The problem:
Retype every entry below without altering anything.

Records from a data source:
[Start of section]

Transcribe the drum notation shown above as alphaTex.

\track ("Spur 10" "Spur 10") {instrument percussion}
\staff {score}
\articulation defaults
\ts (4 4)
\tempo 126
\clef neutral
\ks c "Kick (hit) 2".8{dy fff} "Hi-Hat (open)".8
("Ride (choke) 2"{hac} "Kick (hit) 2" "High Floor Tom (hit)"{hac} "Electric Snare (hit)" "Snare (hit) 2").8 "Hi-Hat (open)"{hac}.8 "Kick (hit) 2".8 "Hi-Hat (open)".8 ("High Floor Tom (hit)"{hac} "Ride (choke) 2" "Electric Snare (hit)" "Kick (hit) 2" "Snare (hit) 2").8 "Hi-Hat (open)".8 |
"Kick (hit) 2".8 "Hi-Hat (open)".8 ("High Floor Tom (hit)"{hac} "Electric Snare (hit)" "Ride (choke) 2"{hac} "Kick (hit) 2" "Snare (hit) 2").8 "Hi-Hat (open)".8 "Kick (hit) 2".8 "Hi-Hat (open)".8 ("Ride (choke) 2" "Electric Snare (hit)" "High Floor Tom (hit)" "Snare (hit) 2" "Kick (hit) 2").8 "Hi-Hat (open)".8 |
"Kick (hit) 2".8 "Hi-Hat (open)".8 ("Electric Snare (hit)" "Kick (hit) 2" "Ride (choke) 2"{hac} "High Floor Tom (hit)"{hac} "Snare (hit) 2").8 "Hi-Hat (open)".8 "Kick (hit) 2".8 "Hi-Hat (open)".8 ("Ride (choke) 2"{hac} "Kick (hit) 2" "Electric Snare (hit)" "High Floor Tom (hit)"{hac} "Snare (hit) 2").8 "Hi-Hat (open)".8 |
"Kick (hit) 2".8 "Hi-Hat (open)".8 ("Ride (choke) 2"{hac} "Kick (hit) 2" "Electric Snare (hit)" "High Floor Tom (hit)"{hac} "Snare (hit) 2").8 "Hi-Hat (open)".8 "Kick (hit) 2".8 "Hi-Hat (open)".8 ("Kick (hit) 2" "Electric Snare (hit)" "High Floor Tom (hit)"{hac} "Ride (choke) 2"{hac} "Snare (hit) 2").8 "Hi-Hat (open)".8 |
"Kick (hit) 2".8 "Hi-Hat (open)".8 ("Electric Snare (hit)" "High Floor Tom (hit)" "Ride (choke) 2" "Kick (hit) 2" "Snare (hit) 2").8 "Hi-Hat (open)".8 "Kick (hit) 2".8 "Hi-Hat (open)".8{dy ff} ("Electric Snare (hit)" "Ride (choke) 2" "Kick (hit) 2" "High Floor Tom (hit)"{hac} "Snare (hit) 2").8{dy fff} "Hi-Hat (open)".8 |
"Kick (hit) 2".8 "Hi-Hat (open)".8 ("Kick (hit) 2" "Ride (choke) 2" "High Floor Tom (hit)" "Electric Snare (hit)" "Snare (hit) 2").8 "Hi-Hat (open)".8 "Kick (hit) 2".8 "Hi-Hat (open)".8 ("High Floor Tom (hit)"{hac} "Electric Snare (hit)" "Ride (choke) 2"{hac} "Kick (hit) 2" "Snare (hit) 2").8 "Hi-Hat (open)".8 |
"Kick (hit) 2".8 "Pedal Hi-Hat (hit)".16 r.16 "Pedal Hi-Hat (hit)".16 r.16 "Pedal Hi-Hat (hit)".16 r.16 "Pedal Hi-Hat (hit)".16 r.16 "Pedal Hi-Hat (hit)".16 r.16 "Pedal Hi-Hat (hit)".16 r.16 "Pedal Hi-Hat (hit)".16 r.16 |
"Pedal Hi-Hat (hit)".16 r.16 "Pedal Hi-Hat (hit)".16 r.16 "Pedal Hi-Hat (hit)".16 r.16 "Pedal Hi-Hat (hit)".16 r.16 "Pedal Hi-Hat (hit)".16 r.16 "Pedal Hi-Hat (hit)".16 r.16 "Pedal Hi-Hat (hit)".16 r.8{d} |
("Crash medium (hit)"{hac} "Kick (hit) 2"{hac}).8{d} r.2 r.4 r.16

[End of section]

Answer box:
Transcribe the drum notation shown above as alphaTex.

\track ("Spur 10" "Spur 10") {instrument percussion}
\staff {score}
\articulation defaults
\ts (4 4)
\tempo 126
\clef neutral
\ks c "Kick (hit) 2".8{dy fff} "Hi-Hat (open)".8
("Ride (choke) 2"{hac} "Kick (hit) 2" "High Floor Tom (hit)"{hac} "Electric Snare (hit)" "Snare (hit) 2").8 "Hi-Hat (open)"{hac}.8 "Kick (hit) 2".8 "Hi-Hat (open)".8 ("High Floor Tom (hit)"{hac} "Ride (choke) 2" "Electric Snare (hit)" "Kick (hit) 2" "Snare (hit) 2").8 "Hi-Hat (open)".8 |
"Kick (hit) 2".8 "Hi-Hat (open)".8 ("High Floor Tom (hit)"{hac} "Electric Snare (hit)" "Ride (choke) 2"{hac} "Kick (hit) 2" "Snare (hit) 2").8 "Hi-Hat (open)".8 "Kick (hit) 2".8 "Hi-Hat (open)".8 ("Ride (choke) 2" "Electric Snare (hit)" "High Floor Tom (hit)" "Snare (hit) 2" "Kick (hit) 2").8 "Hi-Hat (open)".8 |
"Kick (hit) 2".8 "Hi-Hat (open)".8 ("Electric Snare (hit)" "Kick (hit) 2" "Ride (choke) 2"{hac} "High Floor Tom (hit)"{hac} "Snare (hit) 2").8 "Hi-Hat (open)".8 "Kick (hit) 2".8 "Hi-Hat (open)".8 ("Ride (choke) 2"{hac} "Kick (hit) 2" "Electric Snare (hit)" "High Floor Tom (hit)"{hac} "Snare (hit) 2").8 "Hi-Hat (open)".8 |
"Kick (hit) 2".8 "Hi-Hat (open)".8 ("Ride (choke) 2"{hac} "Kick (hit) 2" "Electric Snare (hit)" "High Floor Tom (hit)"{hac} "Snare (hit) 2").8 "Hi-Hat (open)".8 "Kick (hit) 2".8 "Hi-Hat (open)".8 ("Kick (hit) 2" "Electric Snare (hit)" "High Floor Tom (hit)"{hac} "Ride (choke) 2"{hac} "Snare (hit) 2").8 "Hi-Hat (open)".8 |
"Kick (hit) 2".8 "Hi-Hat (open)".8 ("Electric Snare (hit)" "High Floor Tom (hit)" "Ride (choke) 2" "Kick (hit) 2" "Snare (hit) 2").8 "Hi-Hat (open)".8 "Kick (hit) 2".8 "Hi-Hat (open)".8{dy ff} ("Electric Snare (hit)" "Ride (choke) 2" "Kick (hit) 2" "High Floor Tom (hit)"{hac} "Snare (hit) 2").8{dy fff} "Hi-Hat (open)".8 |
"Kick (hit) 2".8 "Hi-Hat (open)".8 ("Kick (hit) 2" "Ride (choke) 2" "High Floor Tom (hit)" "Electric Snare (hit)" "Snare (hit) 2").8 "Hi-Hat (open)".8 "Kick (hit) 2".8 "Hi-Hat (open)".8 ("High Floor Tom (hit)"{hac} "Electric Snare (hit)" "Ride (choke) 2"{hac} "Kick (hit) 2" "Snare (hit) 2").8 "Hi-Hat (open)".8 |
"Kick (hit) 2".8 "Pedal Hi-Hat (hit)".16 r.16 "Pedal Hi-Hat (hit)".16 r.16 "Pedal Hi-Hat (hit)".16 r.16 "Pedal Hi-Hat (hit)".16 r.16 "Pedal Hi-Hat (hit)".16 r.16 "Pedal Hi-Hat (hit)".16 r.16 "Pedal Hi-Hat (hit)".16 r.16 |
"Pedal Hi-Hat (hit)".16 r.16 "Pedal Hi-Hat (hit)".16 r.16 "Pedal Hi-Hat (hit)".16 r.16 "Pedal Hi-Hat (hit)".16 r.16 "Pedal Hi-Hat (hit)".16 r.16 "Pedal Hi-Hat (hit)".16 r.16 "Pedal Hi-Hat (hit)".16 r.8{d} |
("Crash medium (hit)"{hac} "Kick (hit) 2"{hac}).8{d} r.2 r.4 r.16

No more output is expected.